Raymond Cron wird als Nachfolger von Andreas Büttiker ab 1. Januar 2018 neues Verwaltungsratsmitglied des EuroAirport Basel-Mulhouse-Freiburg.

• Der Basler Grosse Rat hat die Standesinitiative der SP gegen der Schliessung von Quartier-Poststellen überwiesen.

• Die bürgerlichen Jungparteien von Basel-Stadt ziehen ihre Zweirad-Initiative zurück, da sie mit dem vom Grossen Rat beschlossenen Gegenvorschlag ihre Hauptforderungen als erfüllt betrachten.

• Die Baselbieter Wahlen des Landrats und des Regierungsrats für die Amtsperiode vom 1. Juli 2019 bis 30. Juni 2023 finden am 31. März 2019 statt.

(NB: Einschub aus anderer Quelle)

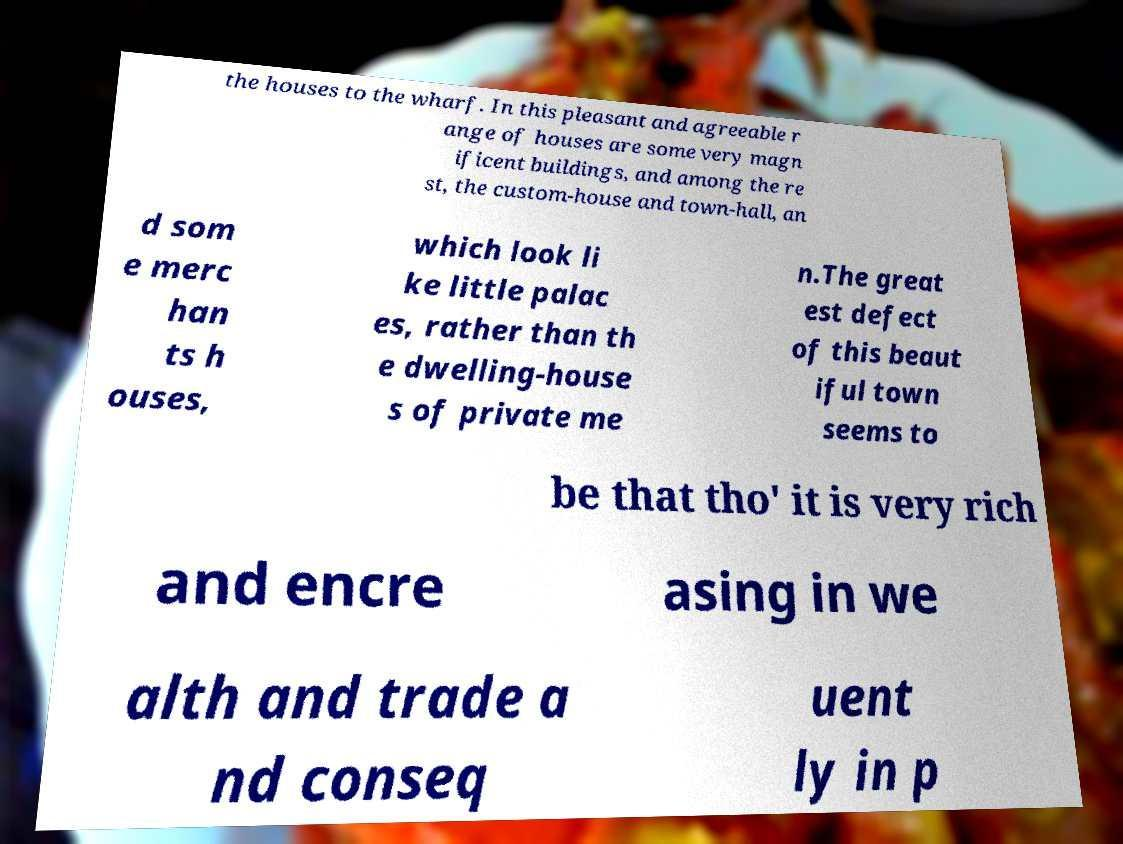Could you extract and type out the text from this image? the houses to the wharf. In this pleasant and agreeable r ange of houses are some very magn ificent buildings, and among the re st, the custom-house and town-hall, an d som e merc han ts h ouses, which look li ke little palac es, rather than th e dwelling-house s of private me n.The great est defect of this beaut iful town seems to be that tho' it is very rich and encre asing in we alth and trade a nd conseq uent ly in p 
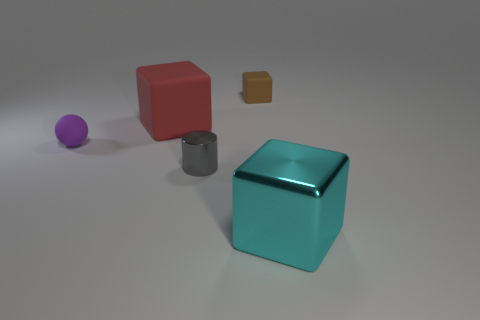Add 3 large red metallic objects. How many objects exist? 8 Subtract all spheres. How many objects are left? 4 Subtract 0 cyan spheres. How many objects are left? 5 Subtract all brown matte things. Subtract all brown matte cubes. How many objects are left? 3 Add 1 small gray objects. How many small gray objects are left? 2 Add 3 cyan shiny blocks. How many cyan shiny blocks exist? 4 
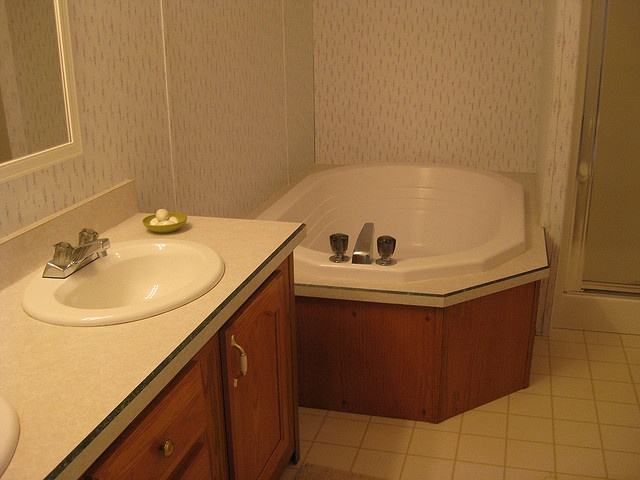Describe the objects in this image and their specific colors. I can see sink in gray and tan tones, sink in gray and tan tones, and bowl in gray, olive, and tan tones in this image.

• Weil mit dem als Gegenvorschlag verabschiedeten neuen Bürgerrechtsgesetz und den Anpassungen auf Bundesebene die Anliegen der Initianten erfüllt sind, zieht die SVP Basel-Stadt ihre Volksinitiative "Keine Einbürgerung von Kriminellen und Sozialhilfeempfängern" zurück.

• Mit der Gründung der Sektion Waldenburg wollen die Grünen Baselland im Wahlkreis Waldenburg den verlorenen Landratssitz zurück erobern.